Are Same-Action Deck Transformations & Loops Equal for S1 x S1?

[mich0144]

I'm self studying some alg topology for next semester just working through chapter 0 and 1 of hatcher really. My question is: for any universal cover p of X there are two actions of pi_1(X, x0) on the fiber p^-1(x0) given by lifting loops at x0 and given by restricting deck transformations to the fiber. are they the same for S1 x S1? would pi_1(X, x0) being abelian help?

So an action G on X is (G,X) -> X. so here G would be pi_1(X, x0) and X would be some point in p^-1(x0) and this action gives another point in p^-1(x0). The deck transformation is defined to be a homeomorphism of the covering space with itself (where universal cover of S1 x S1 is R x R here). So I can see what both are doing geometrically but what does it for the actions to be the same really? how do i tackle this.

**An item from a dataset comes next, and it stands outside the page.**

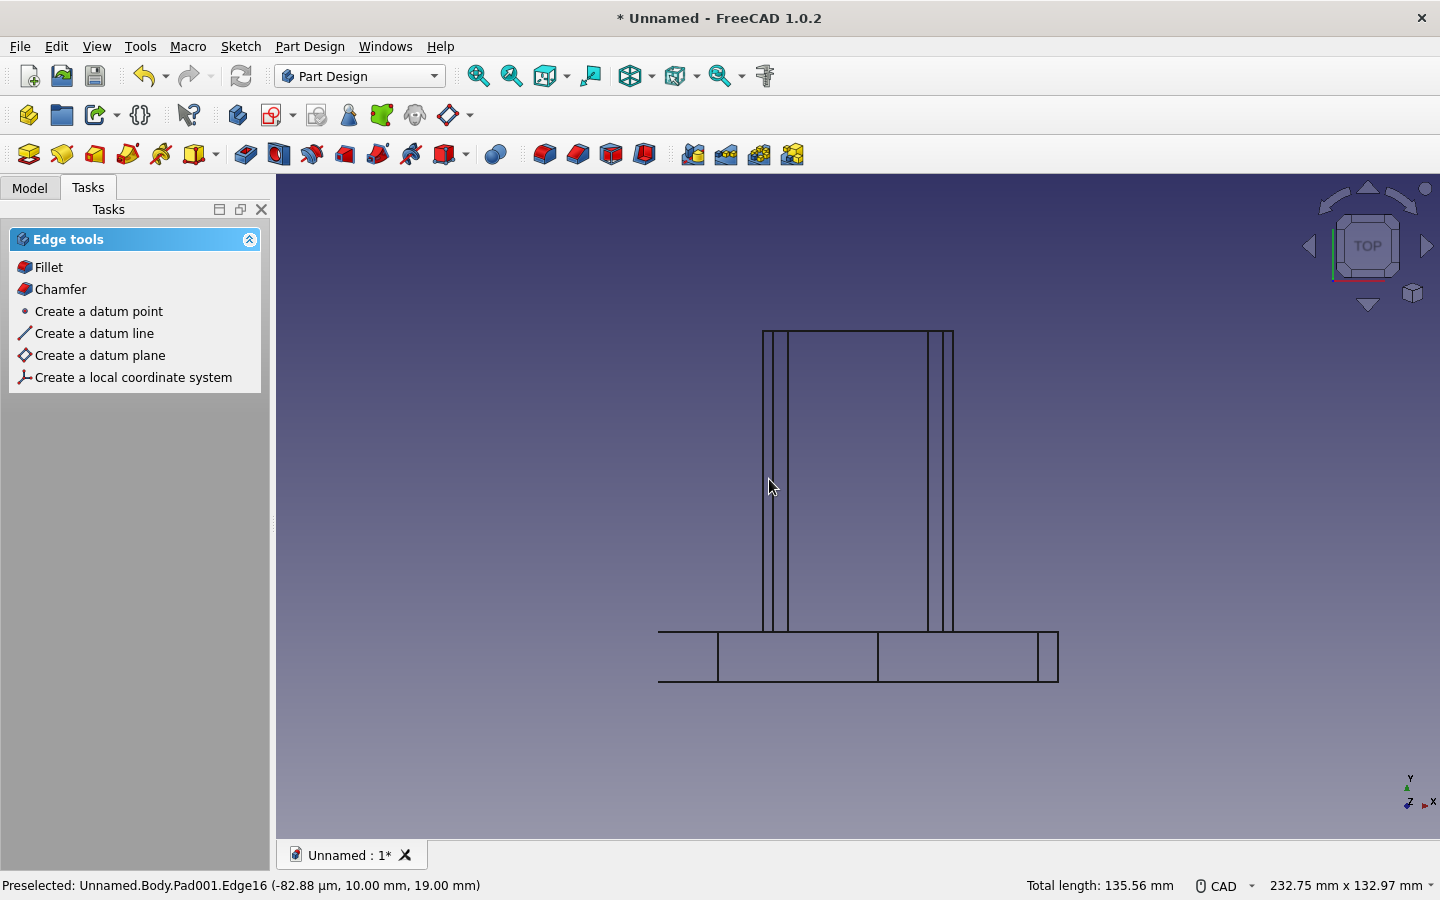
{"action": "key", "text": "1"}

I'm also not sure about abelian, I think it means f*g and g*f have to be homotopic where f,g, are two loops in pi_1(X, x0) where is this useful usually.

 

[mich0144]

any idea I think in general the two actions are not the same not sure about the torus or the wedge of 2 circles, I'm using the basic universal cover R of S1 so p:(cos2pix,sin2pix)

 

[quasar987]

The actions are the same for if $$\tilde{X}$$ is the universal cover of X, then $$G(\tilde{X})$$ = pi_1(X). (The covering group is isomorphic to pi_1). And this isomorphism is the map that takes a class of loops [f] in X based at x_0 to the unique deck transformation $$\varphi_f$$ which takes $$\tilde{x_0}$$ to F(1), where F is the unique lift of f with $$F(0)=\tilde{x_0}$$. (See the proof of Prop 1.39)

So action of pi_(X,x_0) on the fiber by [f] is the same as action of $$G(\tilde{X})$$ on the fiber by $$\varphi_f$$.

 

[mich0144]

So you're saying the two actions are always the same if we take p to be the universal map, what characteristic of universal map are you using to conclude this and what's a counterex. for a nonuniversal map.

the question (27 in hatcher) specifically asks about s1 V s1 and s1 x s1 and then ask if they are always true for abelian fundamental groups. So the questions makes me a little suspicious about this resting on universality of covering maps alone since s1 x s1 is abelian and s1 V s1 isn't.

 

[quasar987]

The beginning of the question is this:

"For any universal cover p of X there are two actions of pi_1(X, x) on the fiber p^-1(x) given by lifting loops at x and given by restricting deck transformations to the fiber."

So, what is he talking about here? The first action is pretty clear: fix a lift $$\tilde{x}$$ of x, then consider the action mapping a loop class [f] in pi_1(X,x) to F(1), where F is the unique lift of f such that $$F(0)=\tilde{x}$$.

The second action is a little more cryptic: "restricting deck transformations to the fiber"?! What's pi_1(X,x) has to do with that?
Well, the answer is provided by Prop 1.39 which says that $$G(\tilde{X})\approx \pi_1(X,x)$$ via the map $$\varphi:\pi_1(X,x)\rightarrow G(\tilde{X})$$ of the proof which sends [f] as above to the unique deck transformation that maps $$\tilde{x}$$ to F(0).
So the second action would be this: $$\pi_1(X,x) \times p^{-1}(x)\rightarrow p^{-1}(x) : ([f],\tilde{x})\mapsto \varphi([f])\cdot\tilde{x}=F(1)$$, where F is the unique lift of F such that $$F(0)=\tilde{x}$$.

So, yeah the two actions are trivially the same and the question in Hatcher is stupid, unless there is a different but equally natural way to interpret Hatcher's cryptic "the action of pi_1(X, x) on the fiber p^-1(x) given by restricting deck transformations to the fiber". Can you think of one? (Not me.)

 

[mich0144]

Thanks in your definition as well as in hatcher they show the deck transformation to be a left group action and lift to be a right this is what's confusing me, why is this so. I thought it was purely notational can't you write either in the other way.

 

[quasar987]

Mmmh, yes it doesn't matter either left or right action, it's formally the same thing.

But surely there's something big and obvious we're missing here. :(

 

[mich0144]

Yea I think they are infact the same group like you said demonstrated by the isomorphism but the actions act differently, I'm not sure but maybe converting right to left action has something to do with abelianization so. I need to review my algebra this problem can't be so trivial.

 

[quasar987]

Please tell me if you find something.